Collatz Sequence Calculator | 3n+1 Conjecture, Stopping Time & Path
Explore the Collatz conjecture (3n+1 problem) for any positive integer. Computes the complete sequence path, stopping time, total steps, peak value, and odd-step count. Visualizes the trajectory and lets you compare stopping times across a range of starting values.
Collatz Sequence Calculator
Range Comparison — Stopping Times (1 to N)
What Is the Collatz Sequence Calculator | 3n+1 Conjecture, Stopping Time & Path?
The Collatz conjecture (also known as the 3n+1 problem or Syracuse problem) states that, starting from any positive integer n, repeatedly applying the Collatz function will eventually reach 1. Despite its simple rule, no proof exists yet. For every n tested (up to 2⁶⁸), the sequence terminates, but no one has proven it for all n.
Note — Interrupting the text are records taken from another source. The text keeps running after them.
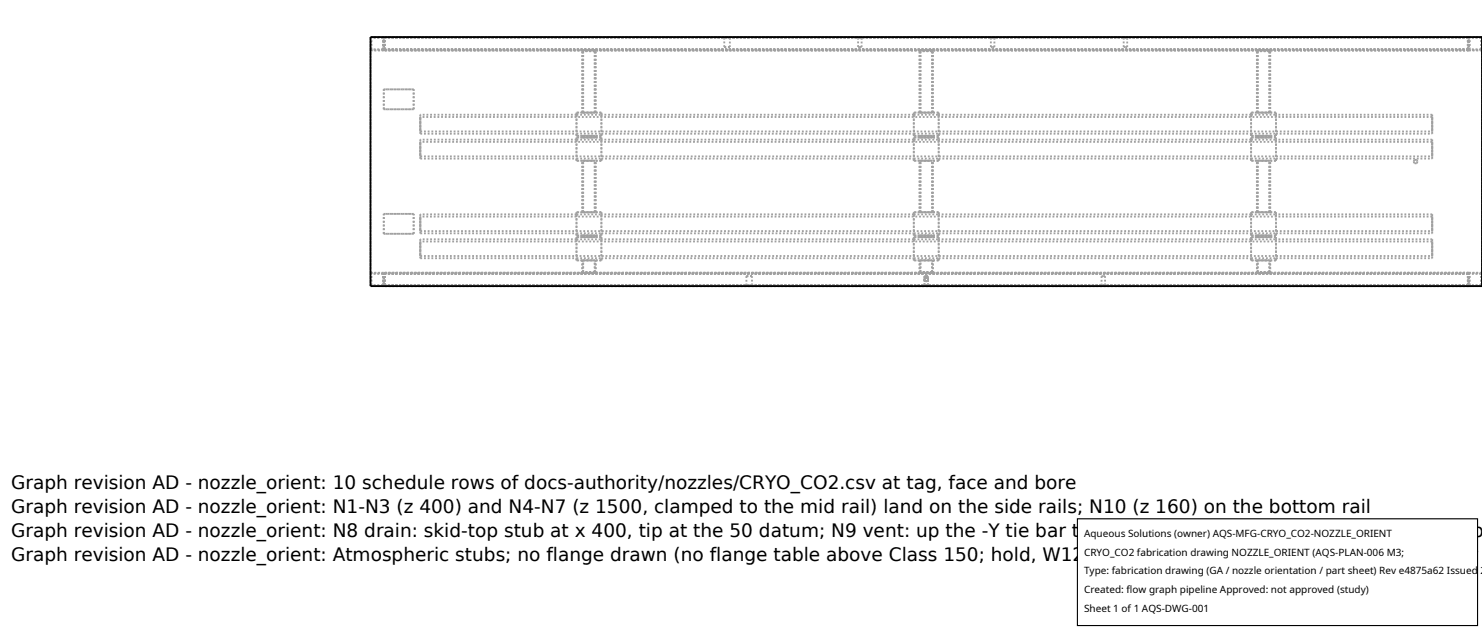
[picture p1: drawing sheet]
<svg xmlns="http://www.w3.org/2000/svg" width="212mm" height="90mm" viewBox="0 0 212 90" stroke-linecap="round" stroke-linejoin="round" font-family="sans-serif">
<defs><g id="words">
<g font-size="2.6">
<text x="1.6" y="69.8">Graph revision AD - nozzle_orient: 10 schedule rows of docs-authority/nozzles/CRYO_CO2.csv at tag, face and bore</text>
<text x="1.6" y="73.3">Graph revision AD - nozzle_orient: N1-N3 (z 400) and N4-N7 (z 1500, clamped to the mid rail) land on the side rails; N10 (z 160) on the bottom rail</text>
<text x="1.6" y="76.7">Graph revision AD - nozzle_orient: N8 drain: skid-top stub at x 400, tip at the 50 datum; N9 vent: up the -Y tie bar to the 450 rack top (schedule datum 2000 p</text>
<text x="1.6" y="80.2">Graph revision AD - nozzle_orient: Atmospheric stubs; no flange drawn (no flange table above Class 150; hold, W12) - per-tag positions in check.nozzles_draw</text>
</g>
<g font-size="1.4">
<text x="154.8" y="76.6">Aqueous Solutions (owner) AQS-MFG-CRYO_CO2-NOZZLE_ORIENT</text>
<text x="154.8" y="79.3">CRYO_CO2 fabrication drawing NOZZLE_ORIENT (AQS-PLAN-006 M3;</text>
<text x="154.8" y="82">Type: fabrication drawing (GA / nozzle orientation / part sheet) Rev e4875a62 Issued 2</text>
<text x="154.8" y="84.7">Created: flow graph pipeline Approved: not approved (study)</text>
<text x="154.8" y="87.4">Sheet 1 of 1 AQS-DWG-001</text>
</g>
</g></defs>
<g fill="none" stroke="#a0a0a0" stroke-width=".26" stroke-dasharray=".3 .3" stroke-linecap="butt">
<path d="M52.9 7.2h1.9M52.9 7.2v-1.9M53 7.1v-1.7M54.7 7.1v-1.7M54.7 5.4h-1.7M54.7 7.1h-1.7M54.8 5.3h-1.9M54.8 7.2h-1.9M54.8 7.2v-1.9M54.8 15.6h4.3M54.8 15.6v-2.8M54.8 12.8h4.3"/>
<path d="M54.9 7.1v-1.7M54.9 5.4h154.8M54.9 7.1h154.8M59.1 15.6v-2.8M59.1 15.6h-4.3M59.1 12.8h-4.3M60 19.9v2.7M60 16.4v2.7M60 19.1v-2.7M60 16.7v2.1M60 18.8v-2.1M60 19.1h22.3"/>
<path d="M60 18.8h144.6M82.3 19.6h.9M82.3 19.4h.9M82.3 19.4v-3.3M82.3 16.1h.9M82.3 19.9v2.7M82.3 19.9v-.3M82.3 19.4v-.3M82.3 16.4v2.7M82.3 16.4v-.3M82.3 19.9h-22.3M82.3 19.9h3.6"/>
<path d="M82.3 19.1h3.6M82.3 16.4h-22.3M82.3 16.4h3.6M83.2 7.2h-28.4M83.2 19.6v-.2M83.2 16.1v-8.9M83.2 7.2h1.9M83.2 16.1h1.9M83.2 19.6h1.9M83.2 19.4h1.9M83.3 19.4h1.6M83.3 19.6v-.2"/>
<path d="M83.3 19.6h1.6M83.3 16.1v-8.8M83.3 16.1h1.6M84.9 19.6v-.2M84.9 16.1v-8.8M84.9 7.3h-1.6M85.1 7.2h-1.9M85.1 19.6h.8M85.1 19.6v-.2M85.1 19.4h.8M85.1 16.1h.8M85.1 16.1v-8.9"/>
<path d="M85.9 19.4v-3.3M85.9 19.6h-3.6M85.9 19.9v2.7M85.9 19.9v-.3M85.9 19.4h-3.6M85.9 16.1h-3.6M85.9 19.4v-.3M85.9 16.4v2.7M85.9 16.4v-.3M85.9 19.1h44.6M103.4 5.4h.8M103.4 6.7h.8"/>
<path d="M103.4 6.7v-1.3M104.2 5.4h-.8M104.2 6.7h-.8M104.2 5.4v1.3M122.6 5.4h.5M122.6 6.7h.5M122.6 6.7v-1.3M123.1 5.4h-.5M123.1 6.7h-.5M123.1 5.4v1.3M130.5 19.6h.8M130.5 19.4h.8"/>
<path d="M130.5 19.4v-3.3M130.5 16.1h.8M130.5 19.9v2.7M130.5 19.9v-.3M130.5 19.4v-.3M130.5 16.4v2.7M130.5 16.4v-.3M130.5 19.9h-44.6M130.5 19.9h3.6M130.5 19.1h3.6M130.5 16.4h-44.6M130.5 16.4h3.6"/>
<path d="M131.3 7.2h-46.2M131.3 19.6v-.2M131.3 16.1v-8.9M131.3 7.2h1.9M131.3 16.1h1.9M131.3 19.6h1.9M131.3 19.4h1.9M131.5 19.4h1.6M131.5 19.6v-.2M131.5 19.6h1.6M131.5 16.1v-8.8M131.5 16.1h1.6"/>
<path d="M133.1 19.6v-.2M133.1 16.1v-8.8M133.1 7.3h-1.6M133.2 7.2h-1.9M133.2 19.6h.9M133.2 19.6v-.2M133.2 19.4h.9M133.2 16.1h.9M133.2 16.1v-8.9M134.1 19.4v-3.3M134.1 19.6h-3.6M134.1 19.9v2.7"/>
<path d="M134.1 19.9v-.3M134.1 19.4h-3.6M134.1 16.1h-3.6M134.1 19.4v-.3M134.1 16.4v2.7M134.1 16.4v-.3M134.1 19.1h44.6M141.5 5.4h.5M141.5 6.7h.5M141.5 6.7v-1.3M142 5.4h-.5M142 6.7h-.5"/>
<path d="M142 5.4v1.3M160.5 5.4h.5M160.5 6.7h.5M160.5 6.7v-1.3M161 5.4h-.5M161 6.7h-.5M161 5.4v1.3M178.7 19.6h.8M178.7 19.4h.8M178.7 19.4v-3.3M178.7 16.1h.8M178.7 19.9v2.7"/>
<path d="M178.7 19.9v-.3M178.7 19.4v-.3M178.7 16.4v2.7M178.7 16.4v-.3M178.7 19.9h-44.6M178.7 19.9h3.5M178.7 19.1h3.5M178.7 16.4h-44.6M178.7 16.4h3.5M179.5 7.2h-46.3M179.5 19.6v-.2M179.5 16.1v-8.9"/>
<path d="M179.5 7.2h1.9M179.5 16.1h1.9M179.5 19.6h1.9M179.5 19.4h1.9M179.6 19.4h1.7M179.6 19.6v-.2M179.6 19.6h1.7M179.6 16.1v-8.8M179.6 16.1h1.7M181.3 19.6v-.2M181.3 16.1v-8.8M181.3 7.3h-1.7"/>
<path d="M181.4 7.2h-1.9M181.4 19.6h.8M181.4 19.6v-.2M181.4 19.4h.8M181.4 16.1h.8M181.4 16.1v-8.9M182.2 19.4v-3.3M182.2 19.6h-3.5M182.2 19.9v2.7M182.2 19.9v-.3M182.2 19.4h-3.5M182.2 16.1h-3.5"/>
<path d="M182.2 19.4v-.3M182.2 16.4v2.7M182.2 16.4v-.3M182.2 19.1h22.4M204.6 19.9v2.7M204.6 19.9h-22.4M204.6 16.4v2.7M204.6 19.1v-2.7M204.6 16.4h-22.4M204.6 16.7v2.1M204.6 18.8v-2.1M204.6 16.7h-144.6"/>
<path d="M209.7 5.4h-154.8M209.7 7.1v-1.7M209.7 7.1h-154.8M209.8 5.3h-155M209.8 7.2v-1.9M209.8 7.2h-28.4M209.8 7.2h-155M209.8 7.2h1.9M209.9 7.1v-1.7M211.5 7.1v-1.7M211.5 5.4h-1.6M211.5 7.1h-1.6"/>
<path d="M211.7 7.2v-1.9M211.7 5.3h-1.9M211.7 7.2h-1.9M52.9 39h1.9M52.9 39v-31.8M54.7 39.1h-1.7M54.8 33.4h4.3M54.8 33.4v-2.9M54.8 30.5h4.3M54.8 39h-1.9M54.9 39.1h154.8M59.1 33.4v-2.9"/>
<path d="M59.1 33.4h-4.3M59.1 30.5h-4.3M60 34.2v2.7M60 36.9v-2.7M60 30.6v2.7M60 33.3v-2.7M60 22.6v-2.7M60 34.5v2.1M60 36.6v-2.1M60 30.9v2.1M60 33v-2.1M60 20.3v2"/>
<path d="M60 22.3v-2M60 36.9h22.3M60 33.3h22.3M60 22.6h22.3M60 36.6h144.6M60 33h144.6M60 22.3h144.6M82.3 37.2h.9M82.3 37.2v-3.3M82.3 33.9h.9M82.3 33.6h.9M82.3 33.6v-3.3"/>
<path d="M82.3 30.3h.9M82.3 23h.9M82.3 23v-3.4M82.3 37.2v-.3M82.3 34.2v2.7M82.3 34.2v-.3M82.3 33.6v-.3M82.3 30.6v2.7M82.3 30.6v-.3M82.3 23v-.4M82.3 36.9h3.6M82.3 34.2h-22.3"/>
<path d="M82.3 34.2h3.6M82.3 33.3h3.6M82.3 30.6h-22.3M82.3 30.6h3.6M82.3 22.6h3.6M83.2 39v-1.8M83.2 39h1.9M83.2 33.9v-.3M83.2 30.3v-7.3M83.2 39h-28.4M83.2 37.2h1.9M83.2 33.9h1.9"/>
<path d="M83.2 33.6h1.9M83.2 30.3h1.9M83.2 23h1.9M83.3 37.2h1.6M83.3 38.8v-1.6M83.3 33.6h1.6M83.3 33.9v-.3M83.3 33.9h1.6M83.3 23h1.6M83.3 30.3v-7.3M83.3 30.3h1.6M84.9 38.8v-1.6"/>
<path d="M84.9 38.8h-1.6M84.9 33.9v-.3M84.9 30.3v-7.3M85.1 39v-1.8M85.1 37.2h.8M85.1 33.9h.8M85.1 33.9v-.3M85.1 33.6h.8M85.1 30.3h.8M85.1 30.3v-7.3M85.1 23h.8M85.1 39h-1.9"/>
<path d="M85.9 37.2v-3.3M85.9 33.6v-3.3M85.9 23v-3.4M85.9 37.2h-3.6M85.9 33.9h-3.6M85.9 37.2v-.3M85.9 34.2v2.7M85.9 34.2v-.3M85.9 33.6h-3.6M85.9 30.3h-3.6M85.9 33.6v-.3M85.9 30.6v2.7"/>
<path d="M85.9 30.6v-.3M85.9 23h-3.6M85.9 23v-.4M85.9 36.9h44.6M85.9 33.3h44.6M85.9 22.6h44.6M106.6 39.4h.8M106.6 39.4v1.3M107.4 39.4h-.8M130.5 37.2h.8M130.5 37.2v-3.3M130.5 33.9h.8"/>
<path d="M130.5 33.6h.8M130.5 33.6v-3.3M130.5 30.3h.8M130.5 23h.8M130.5 23v-3.4M130.5 37.2v-.3M130.5 34.2v2.7M130.5 34.2v-.3M130.5 33.6v-.3M130.5 30.6v2.7M130.5 30.6v-.3M130.5 23v-.4"/>
<path d="M130.5 36.9h3.6M130.5 34.2h-44.6M130.5 34.2h3.6M130.5 33.3h3.6M130.5 30.6h-44.6M130.5 30.6h3.6M130.5 22.6h3.6M131.3 39v-1.8M131.3 39h1.9M131.3 33.9v-.3M131.3 30.3v-7.3M131.3 39h-46.2"/>
<path d="M131.3 37.2h1.9M131.3 33.9h1.9M131.3 33.6h1.9M131.3 30.3h1.9M131.3 23h1.9M131.5 37.2h1.6M131.5 38.8v-1.6M131.5 33.6h1.6M131.5 33.9v-.3M131.5 33.9h1.6M131.5 23h1.6M131.5 30.3v-7.3"/>
<path d="M131.5 30.3h1.6M132 39.9l.3 .3 .2-.1v-.2v-.2h-.2h-.2l-.1 .2M132 39.9l.1-.2h.2h.2v.2v.2l-.2 .1-.3-.3M132 39.4h.5M132 39.4v1.3M132 39.9l.1 .2 .2 .1 .2-.1v-.2M132 39.9v.8M132 39.9l.1-.2h.2M132 39.4v.5M132.3 39.7h.2v.2M132.3 39.7h-.2l-.1 .2M132.5 39.4h-.5"/>
<path d="M132.5 39.9v.2l-.2 .1-.2-.1-.1-.2M132.5 39.9v-.2h-.2M132.5 39.9v-.5M133.1 38.8v-1.6M133.1 38.8h-1.6M133.1 33.9v-.3M133.1 30.3v-7.3M133.2 39v-1.8M133.2 37.2h.9M133.2 33.9h.9M133.2 33.9v-.3M133.2 33.6h.9"/>
<path d="M133.2 30.3h.9M133.2 30.3v-7.3M133.2 23h.9M133.2 39h-1.9M134.1 37.2v-3.3M134.1 33.6v-3.3M134.1 23v-3.4M134.1 37.2h-3.6M134.1 33.9h-3.6M134.1 37.2v-.3M134.1 34.2v2.7M134.1 34.2v-.3"/>
<path d="M134.1 33.6h-3.6M134.1 30.3h-3.6M134.1 33.6v-.3M134.1 30.6v2.7M134.1 30.6v-.3M134.1 23h-3.6M134.1 23v-.4M134.1 36.9h44.6M134.1 33.3h44.6M134.1 22.6h44.6M157.3 39.4h.5M157.3 39.4v1.3"/>
<path d="M157.8 39.4h-.5M178.7 37.2h.8M178.7 37.2v-3.3M178.7 33.9h.8M178.7 33.6h.8M178.7 33.6v-3.3M178.7 30.3h.8M178.7 23h.8M178.7 23v-3.4M178.7 37.2v-.3M178.7 34.2v2.7M178.7 34.2v-.3"/>
<path d="M178.7 33.6v-.3M178.7 30.6v2.7M178.7 30.6v-.3M178.7 23v-.4M178.7 36.9h3.5M178.7 34.2h-44.6M178.7 34.2h3.5M178.7 33.3h3.5M178.7 30.6h-44.6M178.7 30.6h3.5M178.7 22.6h3.5M179.5 39v-1.8"/>
<path d="M179.5 39h1.9M179.5 33.9v-.3M179.5 30.3v-7.3M179.5 39h-46.3M179.5 37.2h1.9M179.5 33.9h1.9M179.5 33.6h1.9M179.5 30.3h1.9M179.5 23h1.9M179.6 37.2h1.7M179.6 38.8v-1.6M179.6 33.6h1.7"/>
<path d="M179.6 33.9v-.3M179.6 33.9h1.7M179.6 23h1.7M179.6 30.3v-7.3M179.6 30.3h1.7M181.3 38.8v-1.6M181.3 38.8h-1.7M181.3 33.9v-.3M181.3 30.3v-7.3M181.4 39v-1.8M181.4 37.2h.8M181.4 33.9h.8"/>
<path d="M181.4 33.9v-.3M181.4 33.6h.8M181.4 30.3h.8M181.4 30.3v-7.3M181.4 23h.8M181.4 39h-1.9M182.2 37.2v-3.3M182.2 33.6v-3.3M182.2 23v-3.4M182.2 37.2h-3.5M182.2 33.9h-3.5M182.2 37.2v-.3"/>
<path d="M182.2 34.2v2.7M182.2 34.2v-.3M182.2 33.6h-3.5M182.2 30.3h-3.5M182.2 33.6v-.3M182.2 30.6v2.7M182.2 30.6v-.3M182.2 23h-3.5M182.2 23v-.4M182.2 36.9h22.4M182.2 33.3h22.4M182.2 22.6h22.4"/>
<path d="M201.9 23.1l.3 .2h.2v-.2l-.2-.3-.2 .1-.1 .2M201.9 23.1l.3-.3 .2 .1v.2l-.2 .2h-.2l-.1-.2M204.6 34.2v2.7M204.6 36.9v-2.7M204.6 34.2h-22.4M204.6 30.6v2.7M204.6 33.3v-2.7M204.6 30.6h-22.4M204.6 22.6v-2.7M204.6 34.5v2.1M204.6 36.6v-2.1M204.6 30.9v2.1"/>
<path d="M204.6 33v-2.1M204.6 20.3v2M204.6 22.3v-2M204.6 34.5h-144.6M204.6 30.9h-144.6M204.6 20.3h-144.6M209.7 39.1h-154.8M209.8 39h1.9M209.8 39h-28.4M209.8 39h-155M211.5 39.1h-1.6M211.7 39v-31.8"/>
<path d="M211.7 39h-1.9M52.9 40.9v-1.9M53 40.7v-1.6M54.7 40.7v-1.6M54.7 40.7h-1.7M54.8 40.9h-1.9M54.8 40.9v-1.9M54.9 40.7v-1.6M54.9 40.7h154.8M106.6 40.7h.8M107.4 40.7h-.8M107.4 40.7v-1.3"/>
<path d="M132 40.7h.5M132.5 40.7h-.5M132.5 40.7v-1.3M132.5 40.7v-.8M157.3 40.7h.5M157.8 40.7h-.5M157.8 40.7v-1.3M209.7 40.7h-154.8M209.7 40.7v-1.6M209.8 40.9h-155M209.8 40.9v-1.9M209.9 40.7v-1.6"/>
<path d="M211.5 40.7v-1.6M211.5 40.7h-1.6M211.7 40.9v-1.9M211.7 40.9h-1.9"/>
</g>
<path d="M52.9 5.3h158.8v35.6h-158.8z" fill="none" stroke="#000" stroke-width=".26"/>
<path d="M153.9 74.1h57.1v15.2h-57.1z" fill="#fff" stroke="#000" stroke-width=".16"/>
<use href="#words"/>
</svg>

The stopping time is the number of steps to reach 1. The peak (or maximum) value can far exceed the starting number — n=27 reaches a peak of 9232 before descending.
Formula
If n is even: n → n/2 | If n is odd: n → 3n + 1 | Repeat until n = 1
How to Use
- 1
Type a positive integer n (1 to 1,000,000,000) into the input field or click one of the presets (n=27, n=871, n=6171).
- 2
Click Compute to run the Collatz algorithm and see the stopping time, peak value, odd/even step counts.
- 3
Read the sequence display — the first 50 steps are shown; for longer sequences, the remaining step count is noted.
- 4
Scroll to the Range Comparison section and set N (2–200) to compare stopping times for all starting values from 1 to N.
- 5
Click "1–50", "1–100", or "1–150" to load preset ranges into the bar chart immediately.
- 6
The bar chart shows each starting value n on the left, a bar proportional to its stopping time, and the exact count on the right.
- 7
Try n=27 (famous for 111 steps and a peak of 9232) and compare with its neighbors to see how erratic stopping times can be.
Enter any positive integer up to 1,000,000,000, click Compute, and explore the full sequence, stopping time, and range comparison chart.
Example Calculation
For n = 27: the sequence is 27 → 82 → 41 → 124 → 62 → 31 → 94 → 47 → 142 → 71 → 214 … (peaks at 9232 on step 76) → … → 1. Stopping time = 111 steps. Odd steps = 34, even steps = 77. Compare with n = 28: stopping time = 18 steps — a neighbour with a wildly shorter path.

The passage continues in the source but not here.